Don't let his cuteness fool you. This kid can pack a mean hit of germs. That stomach bug that led to two power pukes en route to Mexico? Well that led to multiple power pukes, fevers, chills, and all around incapacity for both Zac and myself. We didn't maintain Desmond's good spirit while sick. We were too tired and too weak to muster much enthusiasm for anything. To say it was a rough day with both Zac and I sick was an understatement. We both agreed it's the worst day we've had since Desmond has been born.

Not to keep on with it, we're better--we've recovered. No one has vomited in 36 hours and our electrolytes have been restored. We're eating food and playing with our child again. The babysitter (aka TV) has been shut off for good, and making a bottle is now a perfectly doable responsibility and not a rock-paper-scissor to the death.


Since our recovery from our (thankfully) relatively short stomach bug, we've been trying to win back good parenting karma points by taking Desmond to the beach to play in the sand, going out with him to explore at any opportunity, and letting him tire himself out while running the long halls of our hotel. We've already passed along a bottle of wine to our neighbors, and we're hopeful that as a result they'll forgive us.


I mentioned before that Zac and I came to Cabo back in October of 2008. We did all of the things one would do in Cabo. Swim, snorkel, booze cruise, boat rides, horse back rides, walks at sunset, tequila shots, etc. With Desmond most of these activities prove to be difficult, so our days are spent relaxing, reading, playing, and repeating. There's not much to say other than travel with children is drastically different than travel without. In both wonderful and lame ways.





Cabo itself was never somewhere I thought I'd return to. There's nothing that really sets it apart from other travels, and its real winning ticket was the fact that it has gorgeous weather, beautiful beaches, and is a relatively short flight away. However it's exactly the kind of vacation that works with Desmond at this current stage in his life. No plans to work around, no long days traveling around, and prime time real estate to enjoy while he naps. It's a great break, even when sick.

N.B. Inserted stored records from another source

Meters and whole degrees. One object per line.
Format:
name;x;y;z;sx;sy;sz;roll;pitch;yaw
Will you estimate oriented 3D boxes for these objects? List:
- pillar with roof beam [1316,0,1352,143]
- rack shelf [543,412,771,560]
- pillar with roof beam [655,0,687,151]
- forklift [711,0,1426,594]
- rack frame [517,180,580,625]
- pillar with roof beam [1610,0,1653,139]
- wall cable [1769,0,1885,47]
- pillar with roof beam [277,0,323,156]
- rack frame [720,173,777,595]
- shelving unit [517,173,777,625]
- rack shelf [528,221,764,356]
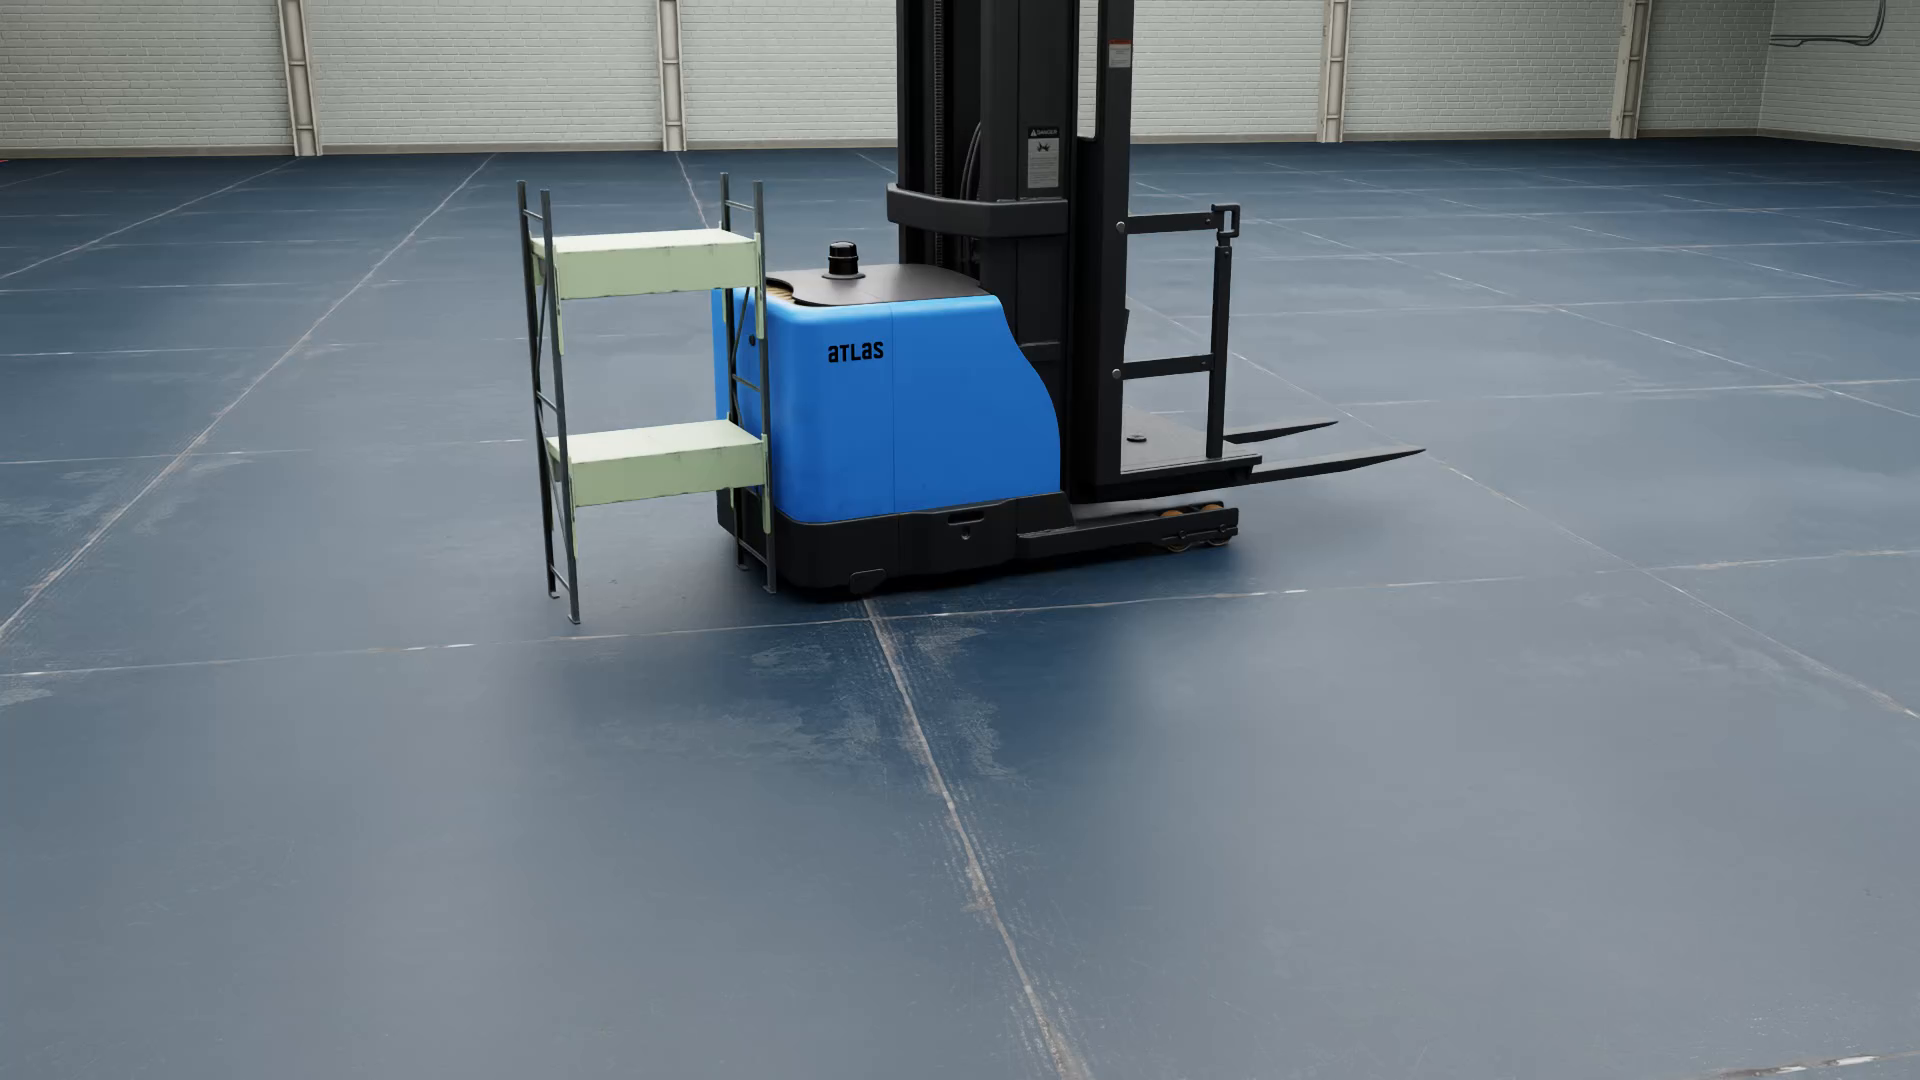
pillar with roof beam;7.674;-10.458;25.536;0.400;9.000;9.100;-3;17;-10
rack shelf;-1.105;-0.209;6.048;0.720;0.370;0.431;-8;19;-25
pillar with roof beam;-4.108;-9.790;23.360;0.400;9.000;9.100;-3;17;-10
forklift;0.561;-1.482;6.646;3.031;2.935;1.130;-8;19;-25
rack frame;-1.434;-0.473;5.798;0.023;1.500;0.400;-8;19;-25
pillar with roof beam;13.565;-10.793;26.624;0.400;9.000;9.100;-3;17;-10
wall cable;15.892;-10.332;30.413;0.112;2.526;3.097;-3;17;-10
pillar with roof beam;-9.999;-9.456;22.272;0.400;9.000;9.100;-3;17;-10
rack frame;-0.777;-0.568;6.107;0.023;1.500;0.400;-8;19;-25
shelving unit;-1.106;-0.521;5.952;0.755;1.500;0.431;-8;19;-25
rack shelf;-1.106;-0.894;5.838;0.720;0.370;0.431;-8;19;-25
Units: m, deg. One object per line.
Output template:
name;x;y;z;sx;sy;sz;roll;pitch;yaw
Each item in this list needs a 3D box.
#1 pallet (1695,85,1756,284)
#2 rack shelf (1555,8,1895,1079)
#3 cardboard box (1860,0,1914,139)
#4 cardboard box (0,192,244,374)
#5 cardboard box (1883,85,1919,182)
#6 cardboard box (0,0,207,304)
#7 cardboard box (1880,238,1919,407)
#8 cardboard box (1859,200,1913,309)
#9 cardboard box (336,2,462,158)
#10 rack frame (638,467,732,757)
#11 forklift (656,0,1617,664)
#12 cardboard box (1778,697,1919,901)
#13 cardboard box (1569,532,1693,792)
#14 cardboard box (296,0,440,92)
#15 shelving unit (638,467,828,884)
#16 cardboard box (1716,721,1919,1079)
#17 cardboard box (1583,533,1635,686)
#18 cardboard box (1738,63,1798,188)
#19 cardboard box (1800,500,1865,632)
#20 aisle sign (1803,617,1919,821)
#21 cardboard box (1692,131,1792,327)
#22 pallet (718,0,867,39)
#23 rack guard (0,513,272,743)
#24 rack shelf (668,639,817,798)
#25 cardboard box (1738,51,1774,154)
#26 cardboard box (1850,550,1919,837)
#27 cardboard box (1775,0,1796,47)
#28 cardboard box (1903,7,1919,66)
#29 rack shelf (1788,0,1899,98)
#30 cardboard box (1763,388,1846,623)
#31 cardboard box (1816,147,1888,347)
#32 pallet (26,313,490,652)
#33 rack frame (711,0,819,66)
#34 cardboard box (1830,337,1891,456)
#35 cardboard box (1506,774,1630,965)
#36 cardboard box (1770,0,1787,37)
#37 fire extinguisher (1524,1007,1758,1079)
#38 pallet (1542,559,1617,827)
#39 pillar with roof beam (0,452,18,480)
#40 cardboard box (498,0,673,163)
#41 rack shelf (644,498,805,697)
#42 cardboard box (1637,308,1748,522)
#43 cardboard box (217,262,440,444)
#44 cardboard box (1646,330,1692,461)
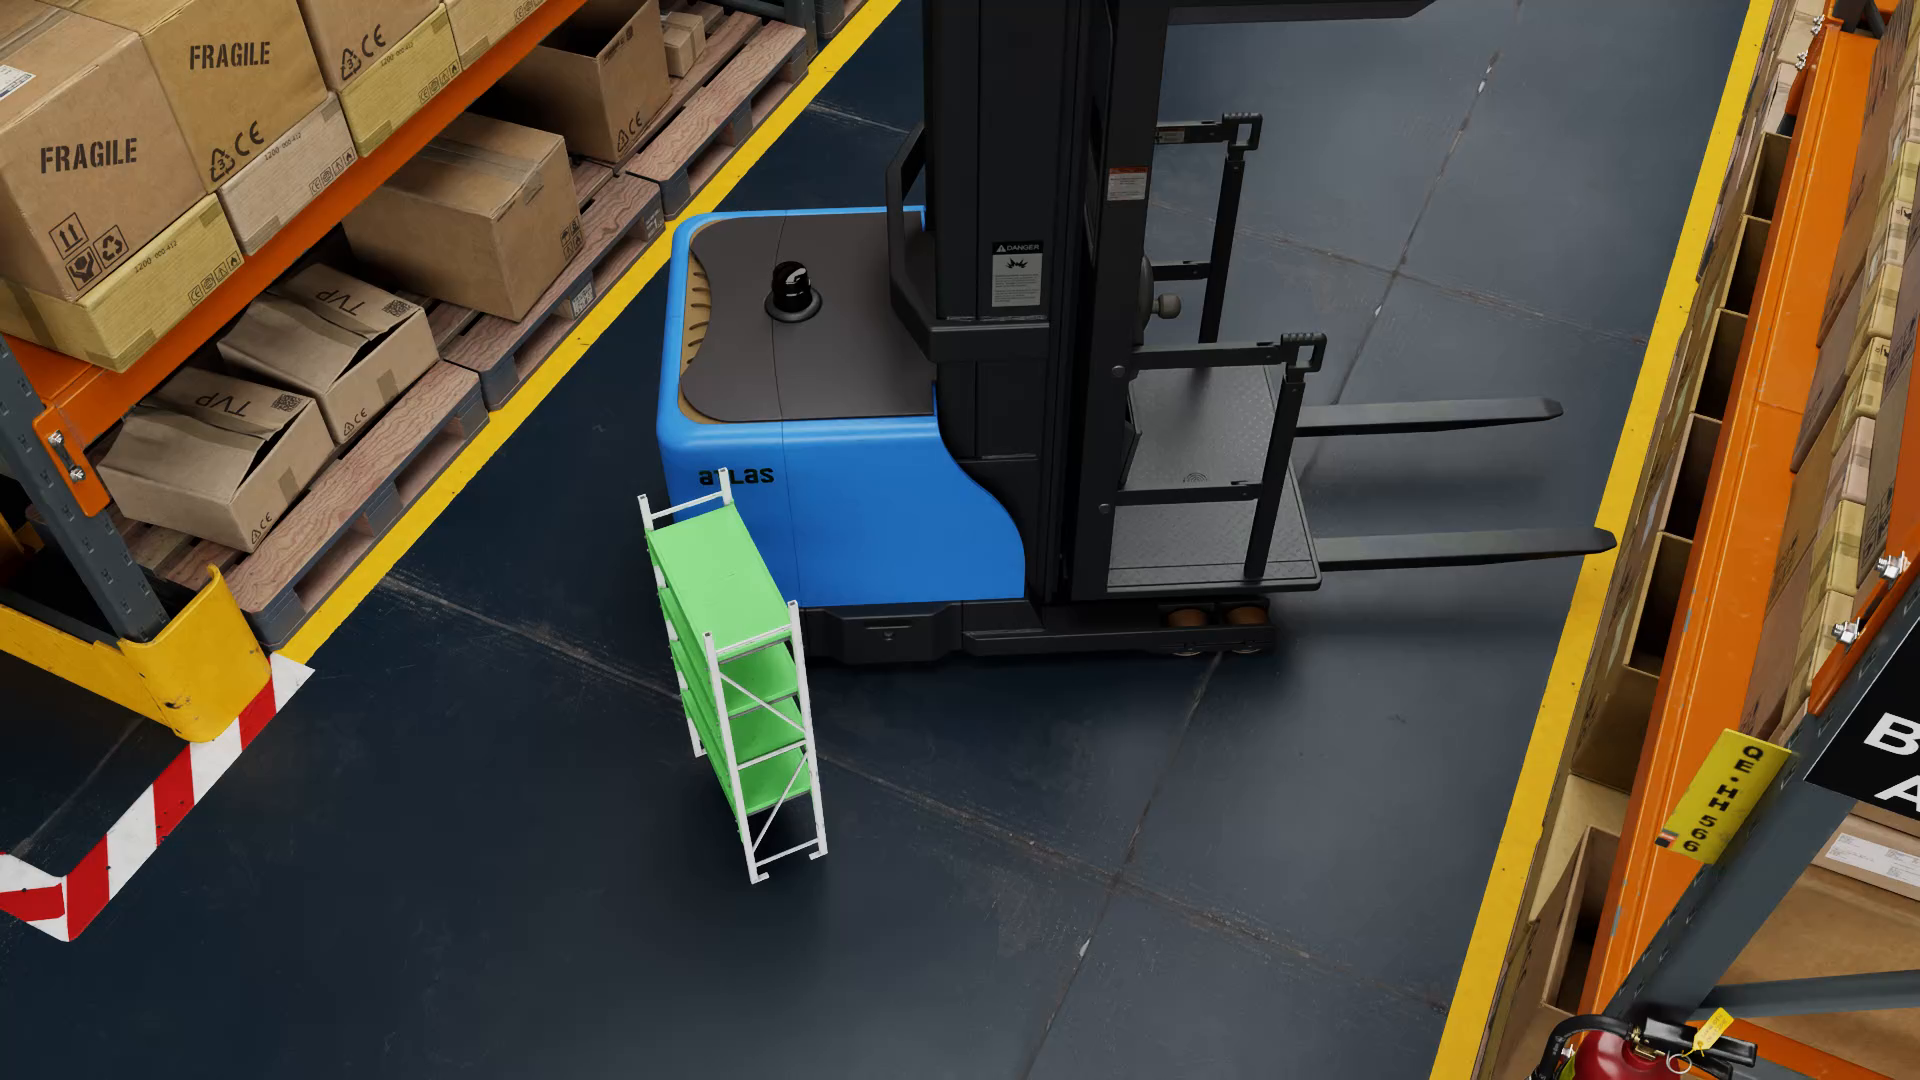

Unlike our last trip to Mexico, however, the accompaniment of Desmond has really added some benefits. For starters, all those annoying beach vendors trying to sell you all kinds of things you don't need? They leave us alone. People trying to sell tours or timeshares? They accept "no." Strangers want to say hello to Desmond, people always want to rub his head, and strangers are more than willing to go out of their way to help us out or accommodate us. There is a genuine interest in Des, from his name to his age to his weight. Oh, and the big baby thing? It's endearing here. Back home we get comments all the time about how big Des is (undeniably--he's 98th percentile for height and weight!), and they're almost always followed up with "but he'll slim down as he's more mobile and active." It's as if there's this consolation to us. People are already body shaming him and he's not even old enough to understand it. Here? In Mexico it's "He's a big boy," followed by "Congratulations. He's beautiful and healthy." Truly, that's all we've heard. I'm blown away by it.


Mexicans are truly friendly people, and Latin American culture is very family friendly. We've been approached by many staff here at the hotel who have applauded us for bringing Des with us. In part because it's good for him to travel and see the world, and in part because (according to them), many parents take trips to Cabo without their children, and in Mexico this is not common. Parents take their children with them wherever they go. At least three women working here have stopped me and shared this same story with me. Family is important, and as such children are seen as special, adored, and treated kindly.



So, while Cabo itself never stole my heart, the people here are wonderfully accommodating, very thoughtful, and truly kind to Desmond. I've never seen so much interest in him, or so many people trying to steal smiles from him. It really blows me away, and I absolutely love that they love my baby love, too.